THE PROBLEM => Please restate every entry exactly. Leave out the pictures.

= = = = =

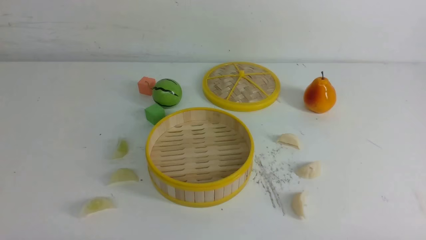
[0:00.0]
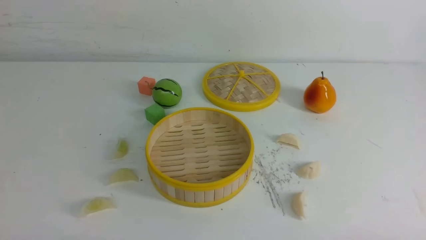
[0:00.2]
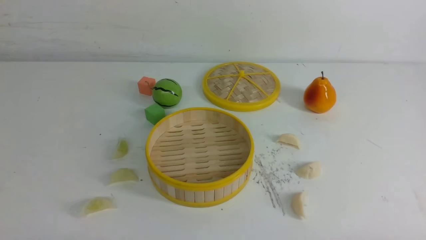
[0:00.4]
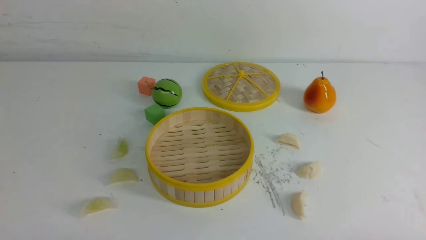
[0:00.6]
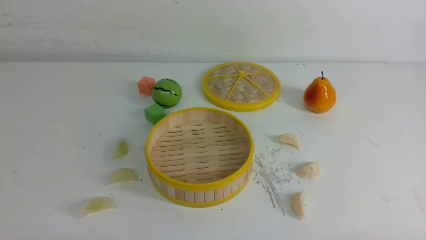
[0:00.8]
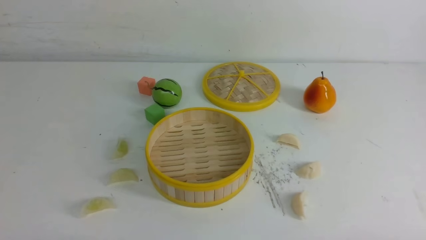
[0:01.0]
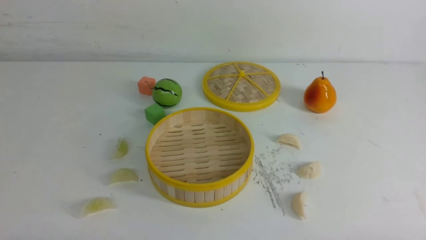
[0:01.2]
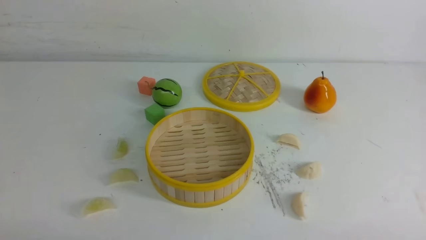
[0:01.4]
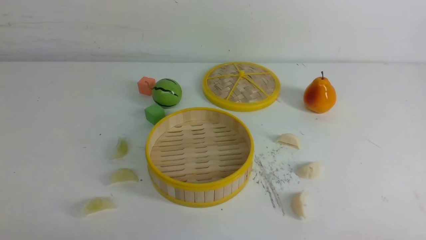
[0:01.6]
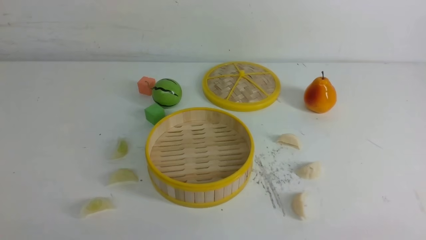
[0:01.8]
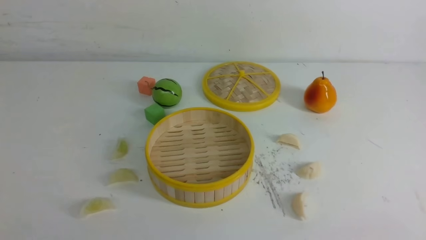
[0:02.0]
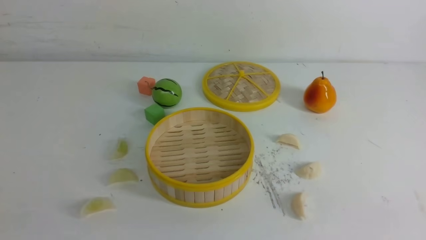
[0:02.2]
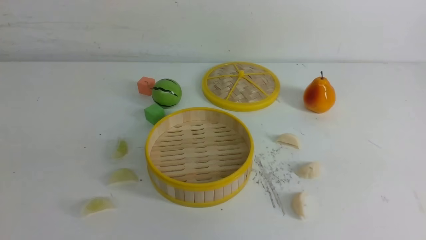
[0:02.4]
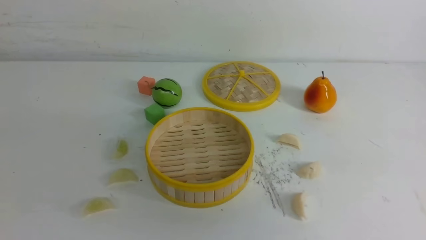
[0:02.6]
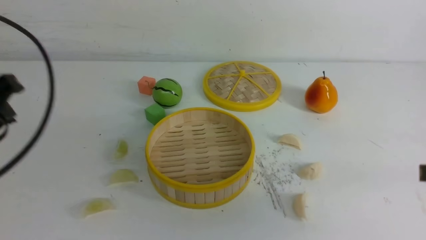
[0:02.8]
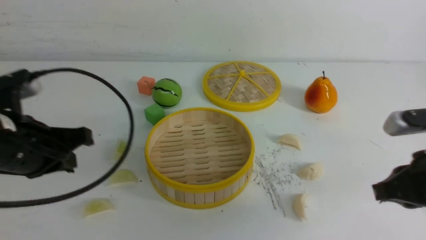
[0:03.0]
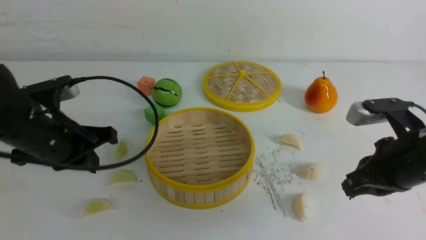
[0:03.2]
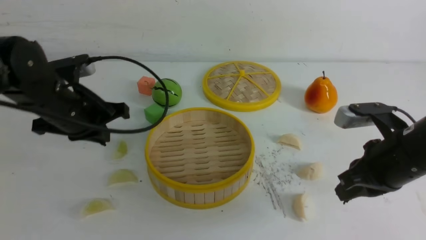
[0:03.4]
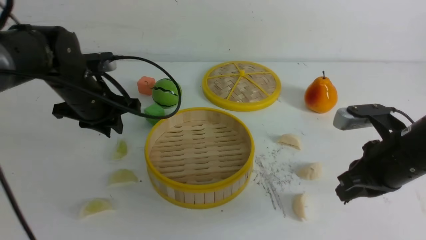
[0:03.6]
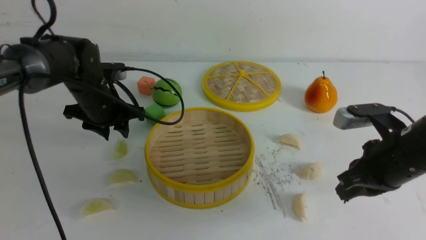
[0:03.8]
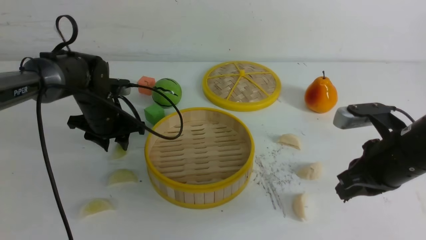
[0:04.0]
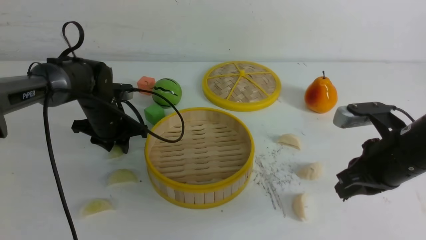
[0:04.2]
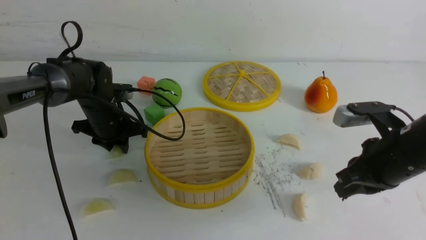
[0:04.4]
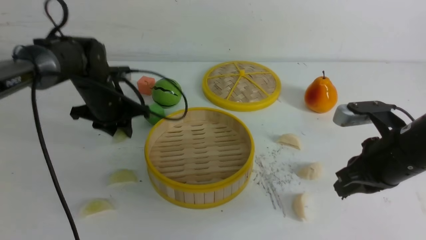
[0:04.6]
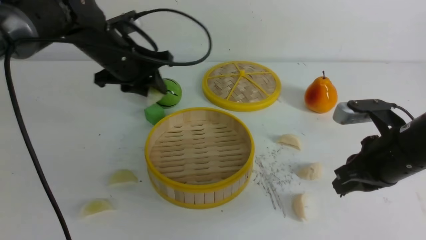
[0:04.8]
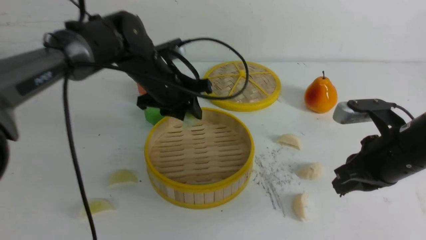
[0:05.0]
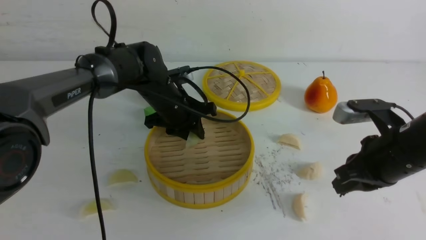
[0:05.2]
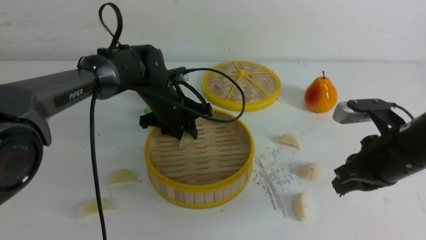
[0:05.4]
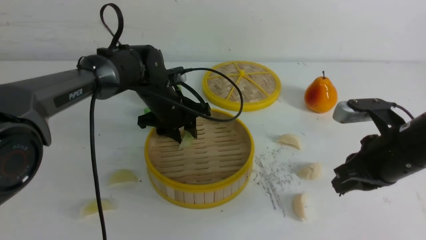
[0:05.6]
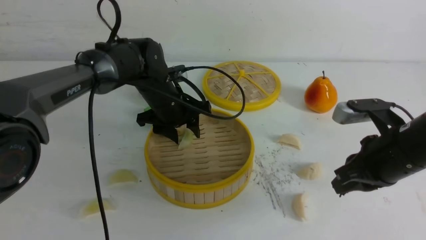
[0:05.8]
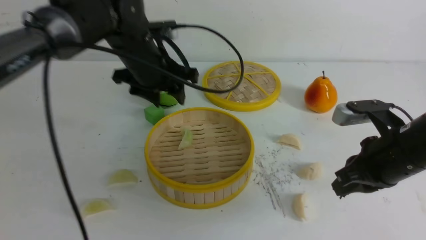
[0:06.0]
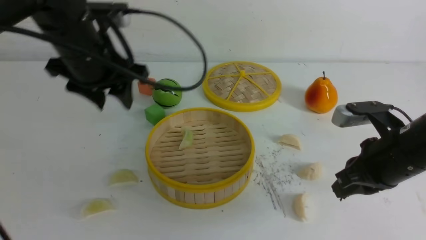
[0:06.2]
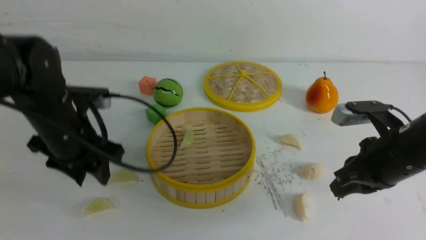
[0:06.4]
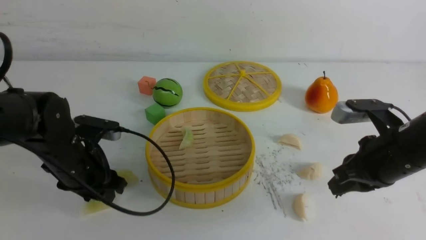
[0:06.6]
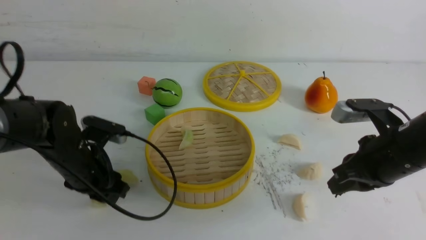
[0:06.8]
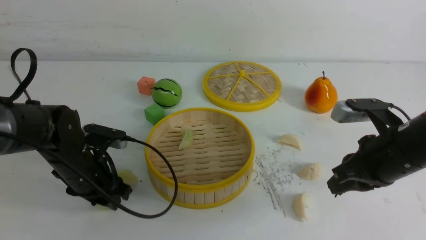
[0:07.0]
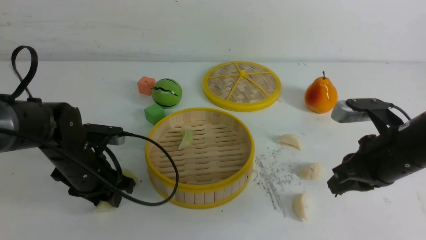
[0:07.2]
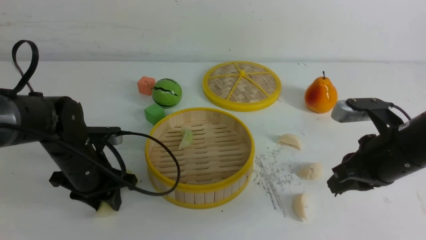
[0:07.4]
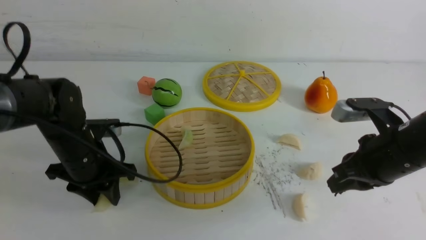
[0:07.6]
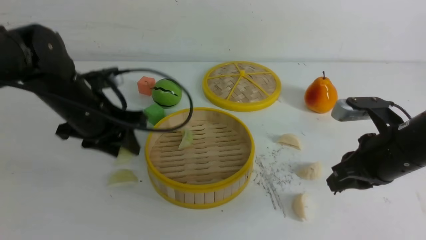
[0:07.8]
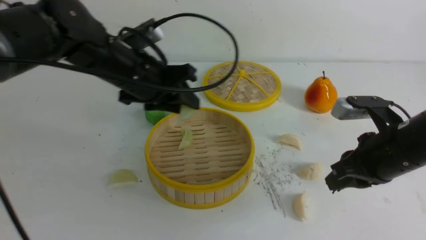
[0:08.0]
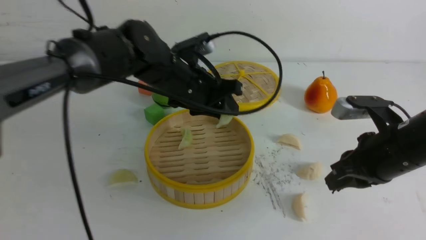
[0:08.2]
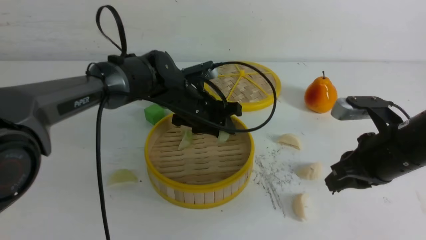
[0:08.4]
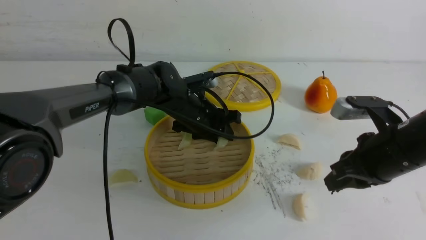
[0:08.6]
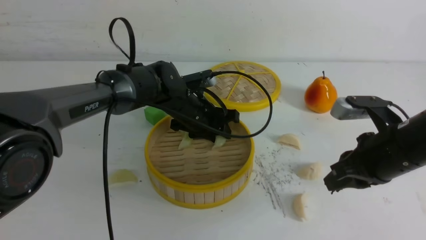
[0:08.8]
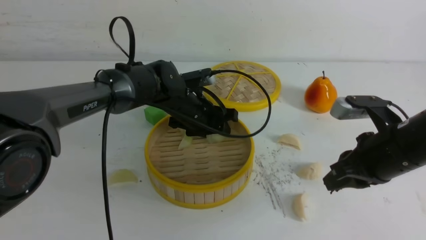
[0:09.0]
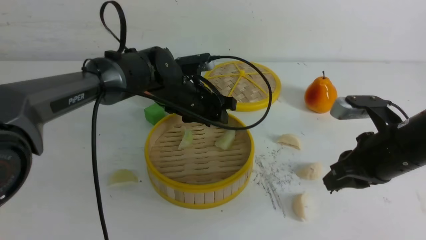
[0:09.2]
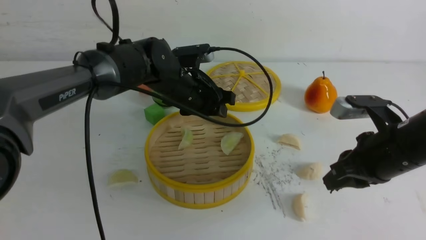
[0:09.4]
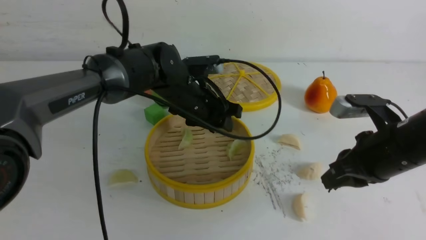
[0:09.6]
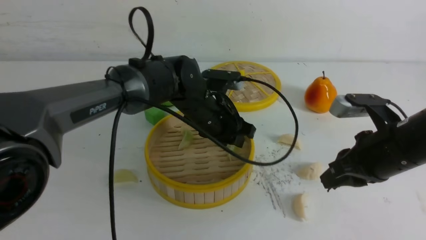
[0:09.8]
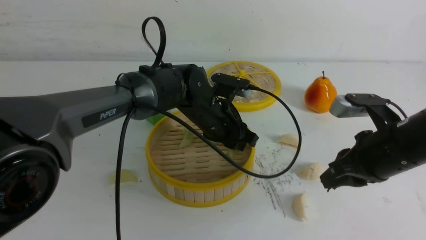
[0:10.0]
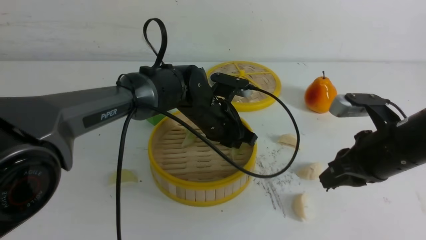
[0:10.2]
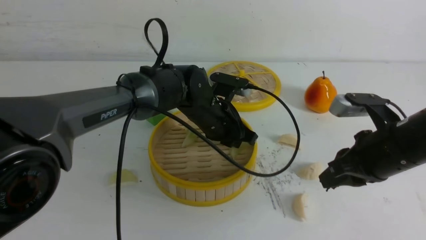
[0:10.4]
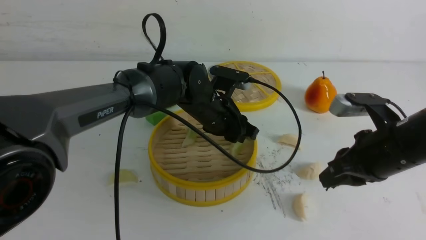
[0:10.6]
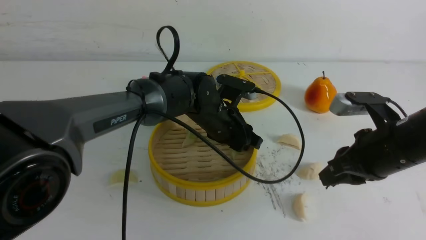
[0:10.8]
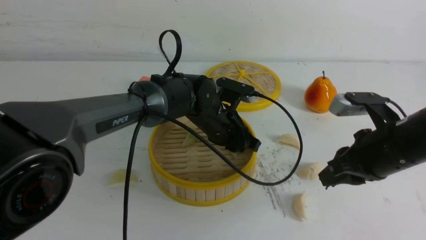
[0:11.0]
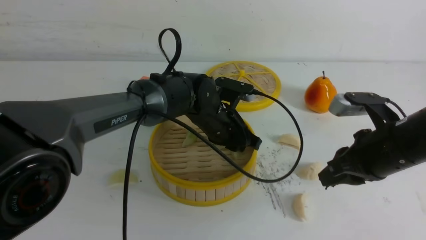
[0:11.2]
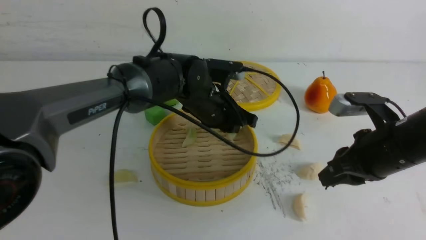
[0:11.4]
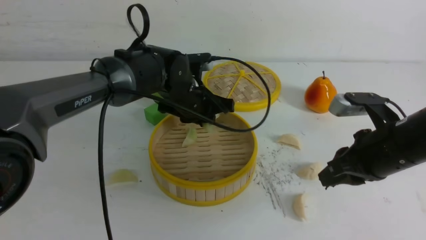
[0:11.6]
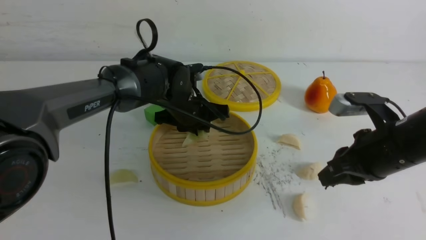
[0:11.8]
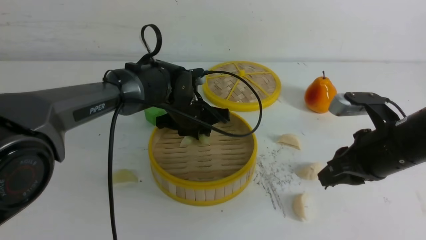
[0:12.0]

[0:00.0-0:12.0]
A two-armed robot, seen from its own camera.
Task of the whole recording: put the dumplings into the steamer on the white table.
Step, 0:00.0 to 0:04.4: use the left arm to grab a dumpling.
Step, 0:04.6 to 0:05.8: use the left arm to put the dumpling into the steamer.
Step, 0:06.0 to 0:07.6: use the left arm to grab a dumpling.
Step, 0:07.8 to 0:09.4: use the left arm to put the dumpling into the steamer.
0:01.6 to 0:03.0: The grippers both shift forward by roughly 20 cm. The right gripper closes up; the left gripper closes.
0:03.0 to 0:04.4: The left gripper is displaced forward and downward by some 20 cm, and opens up. Meanwhile the right gripper heads forward, covering some 5 cm.
0:04.4 to 0:06.0: The left gripper goes up and down, roughly 10 cm each way, reversing 2 times, and opens its fingers.
0:06.0 to 0:07.6: The left gripper shifts about 15 cm downward, backward and to the left.
0:07.6 to 0:09.0: The left gripper moves to the right and forward, approximately 15 cm.
0:09.0 to 0:10.4: The left gripper shifts by approximately 5 cm, and closes its fingers.

= = = = =

SOLUTION =>
[0:00.0]
[0:00.2]
[0:00.4]
[0:00.6]
[0:00.8]
[0:01.0]
[0:01.2]
[0:01.4]
[0:01.6]
[0:01.8]
[0:02.0]
[0:02.2]
[0:02.4]
[0:02.6]
[0:02.8]
[0:03.0]
[0:03.2]
[0:03.4]
[0:03.6]
[0:03.8]
[0:04.0]
[0:04.2]
[0:04.4]
[0:04.6]
[0:04.8]
[0:05.0]
[0:05.2]
[0:05.4]
[0:05.6]
[0:05.8]
[0:06.0]
[0:06.2]
[0:06.4]
[0:06.6]
[0:06.8]
[0:07.0]
[0:07.2]
[0:07.4]
[0:07.6]
[0:07.8]
[0:08.0]
[0:08.2]
[0:08.4]
[0:08.6]
[0:08.8]
[0:09.0]
[0:09.2]
[0:09.4]
[0:09.6]
[0:09.8]
[0:10.0]
[0:10.2]
[0:10.4]
[0:10.6]
[0:10.8]
[0:11.0]
[0:11.2]
[0:11.4]
[0:11.6]
[0:11.8]
[0:12.0]

[0:00.0-0:12.0]
A two-armed robot, seen from its own camera.
Task of the whole recording: put the dumplings into the steamer on the white table.
Step, 0:00.0 to 0:04.4: use the left arm to grab a dumpling.
Step, 0:04.6 to 0:05.8: use the left arm to put the dumpling into the steamer.
Step, 0:06.0 to 0:07.6: use the left arm to grab a dumpling.
Step, 0:07.8 to 0:09.4: use the left arm to put the dumpling into the steamer.
0:01.6 to 0:03.0: The grippers both shift forward by roughly 20 cm. The right gripper closes up; the left gripper closes.
0:03.0 to 0:04.4: The left gripper is displaced forward and downward by some 20 cm, and opens up. Meanwhile the right gripper heads forward, covering some 5 cm.
0:04.4 to 0:06.0: The left gripper goes up and down, roughly 10 cm each way, reversing 2 times, and opens its fingers.
0:06.0 to 0:07.6: The left gripper shifts about 15 cm downward, backward and to the left.
0:07.6 to 0:09.0: The left gripper moves to the right and forward, approximately 15 cm.
0:09.0 to 0:10.4: The left gripper shifts by approximately 5 cm, and closes its fingers.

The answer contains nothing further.